> **WHAT YOU NEED TO DO**
Copy each line of the following data that contains "finally".

====== EXERCISE INPUTS ======

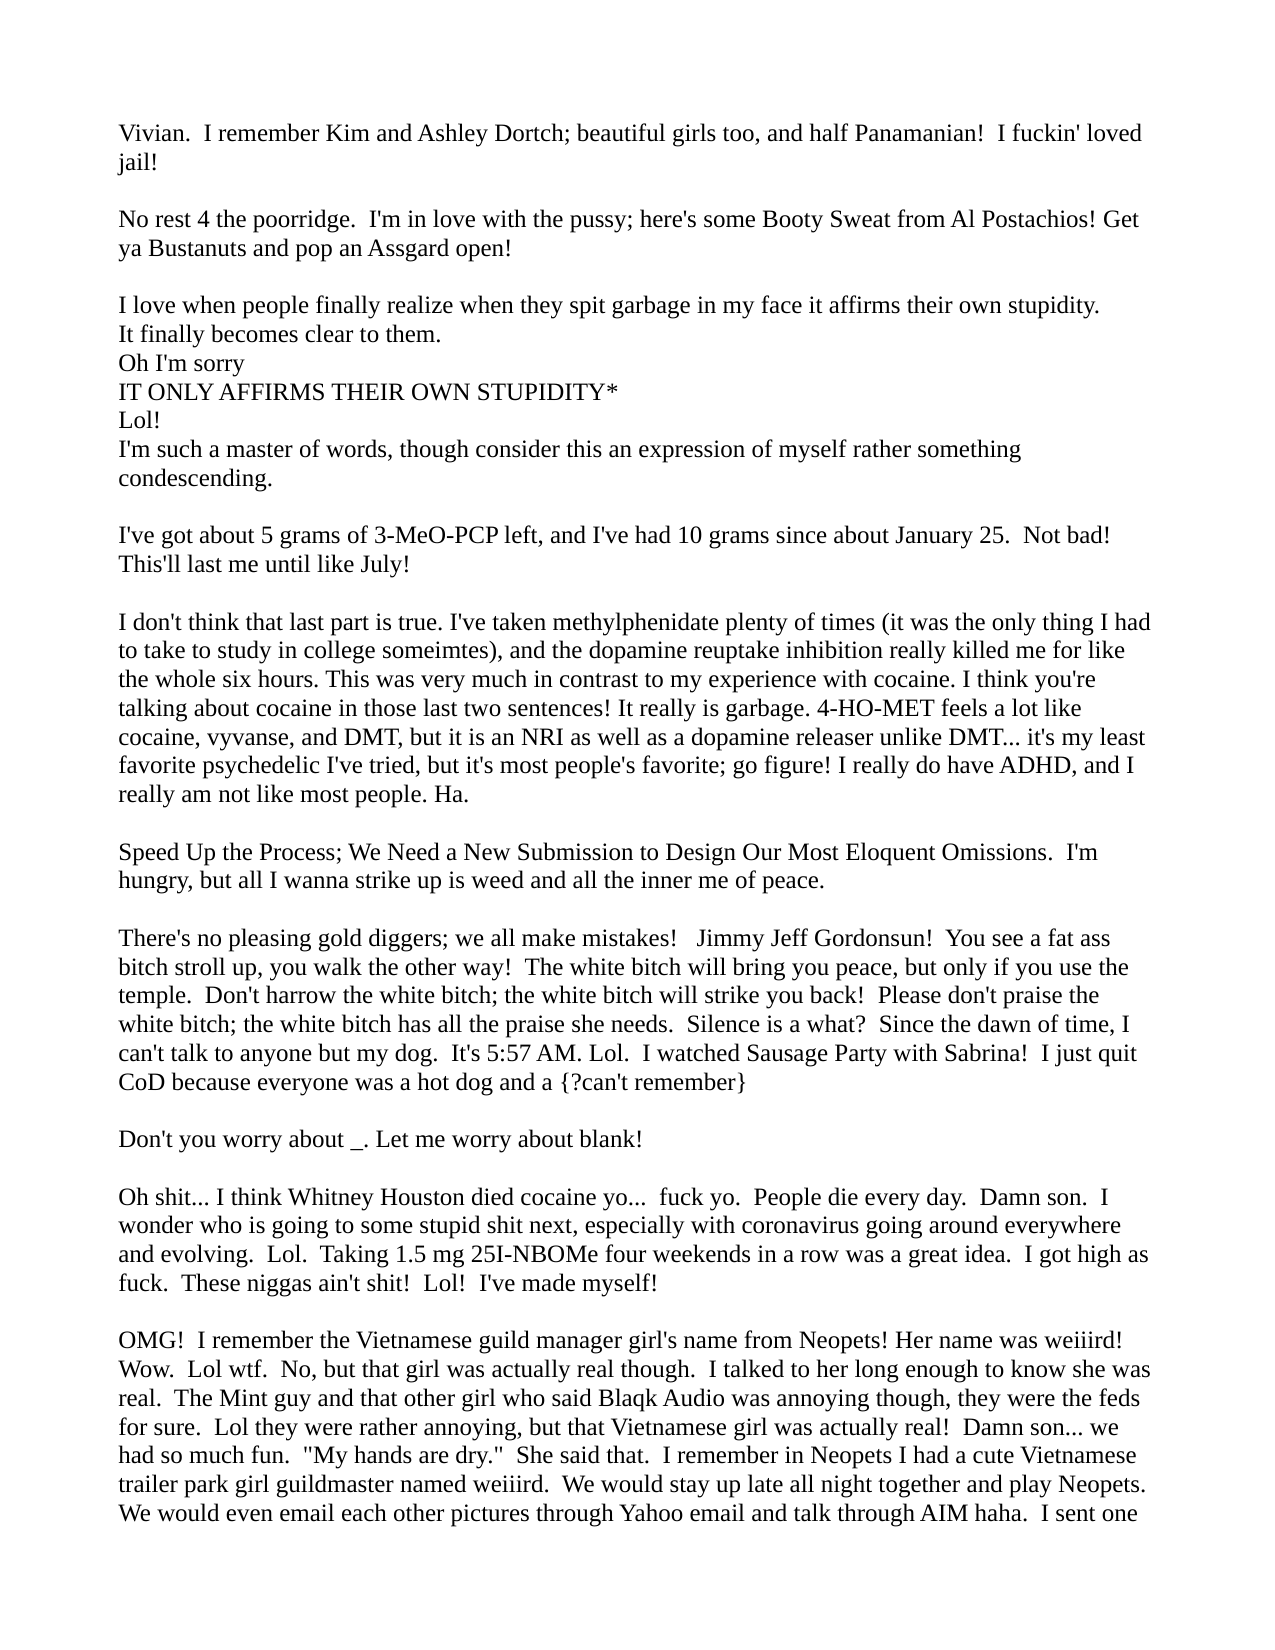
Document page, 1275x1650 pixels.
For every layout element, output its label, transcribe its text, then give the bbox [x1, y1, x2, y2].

text OMG! I remember the Vietnamese guild manager girl's name from Neopets! Her name was weiiird! Wow. Lol wtf. No, but that girl was actually real though. I talked to her long enough to know she was real. The Mint guy and that other girl who said Blaqk Audio was annoying though, they were the feds for sure. Lol they were rather annoying, but that Vietnamese girl was actually real! Damn son... we had so much fun. "My hands are dry." She said that. I remember in Neopets I had a cute Vietnamese trailer park girl guildmaster named weiiird. We would stay up late all night together and play Neopets. We would even email each other pictures through Yahoo email and talk through AIM haha. I sent one [118, 1326, 1157, 1527]
text Oh I'm sorry [118, 348, 1157, 377]
text Vivian. I remember Kim and Ashley Dortch; beautiful girls too, and half Panamanian! I fuckin' loved jail! [118, 118, 1157, 176]
text I'm such a master of words, though consider this an expression of myself rather something condescending. [118, 434, 1157, 492]
text I've got about 5 grams of 3-MeO-PCP left, and I've had 10 grams since about January 25. Not bad! This'll last me until like July! [118, 521, 1157, 578]
text IT ONLY AFFIRMS THEIR OWN STUPIDITY* [118, 377, 1157, 406]
text Lol! [118, 406, 1157, 434]
text Don't you worry about _. Let me worry about blank! [118, 1124, 1157, 1153]
text Speed Up the Process; We Need a New Submission to Design Our Most Eloquent Omissions. I'm hungry, but all I wanna strike up is weed and all the inner me of peace. [118, 837, 1157, 894]
text There's no pleasing gold diggers; we all make mistakes! Jimmy Jeff Gordonsun! You see a fat ass bitch stroll up, you walk the other way! The white bitch will bring you peace, but only if you use the temple. Don't harrow the white bitch; the white bitch will strike you back! Please don't praise the white bitch; the white bitch has all the praise she needs. Silence is a what? Since the dawn of time, I can't talk to anyone but my dog. It's 5:57 AM. Lol. I watched Sausage Party with Sabrina! I just quit CoD because everyone was a hot dog and a {?can't remember} [118, 923, 1157, 1096]
text I don't think that last part is true. I've taken methylphenidate plenty of times (it was the only thing I had to take to study in college someimtes), and the dopamine reuptake inhibition really killed me for like the whole six hours. This was very much in contrast to my experience with cocaine. I think you're talking about cocaine in those last two sentences! It really is garbage. 4-HO-MET feels a lot like cocaine, vyvanse, and DMT, but it is an NRI as well as a dopamine releaser unlike DMT... it's my least favorite psychedelic I've tried, but it's most people's favorite; go figure! I really do have ADHD, and I really am not like most people. Ha. [118, 607, 1157, 808]
text I love when people finally realize when they spit garbage in my face it affirms their own stupidity. [118, 291, 1157, 319]
text No rest 4 the poorridge. I'm in love with the pussy; here's some Booty Sweat from Al Postachios! Get ya Bustanuts and pop an Assgard open! [118, 204, 1157, 262]
text It finally becomes clear to them. [118, 319, 1157, 348]
text Oh shit... I think Whitney Houston died cocaine yo... fuck yo. People die every day. Damn son. I wonder who is going to some stupid shit next, especially with coronavirus going around everywhere and evolving. Lol. Taking 1.5 mg 25I-NBOMe four weekends in a row was a great idea. I got high as fuck. These niggas ain't shit! Lol! I've made myself! [118, 1182, 1157, 1297]

======

> **RESPONSE AREA**
text I love when people finally realize when they spit garbage in my face it affirms their own stupidity. [118, 291, 1157, 319]
text It finally becomes clear to them. [118, 319, 1157, 348]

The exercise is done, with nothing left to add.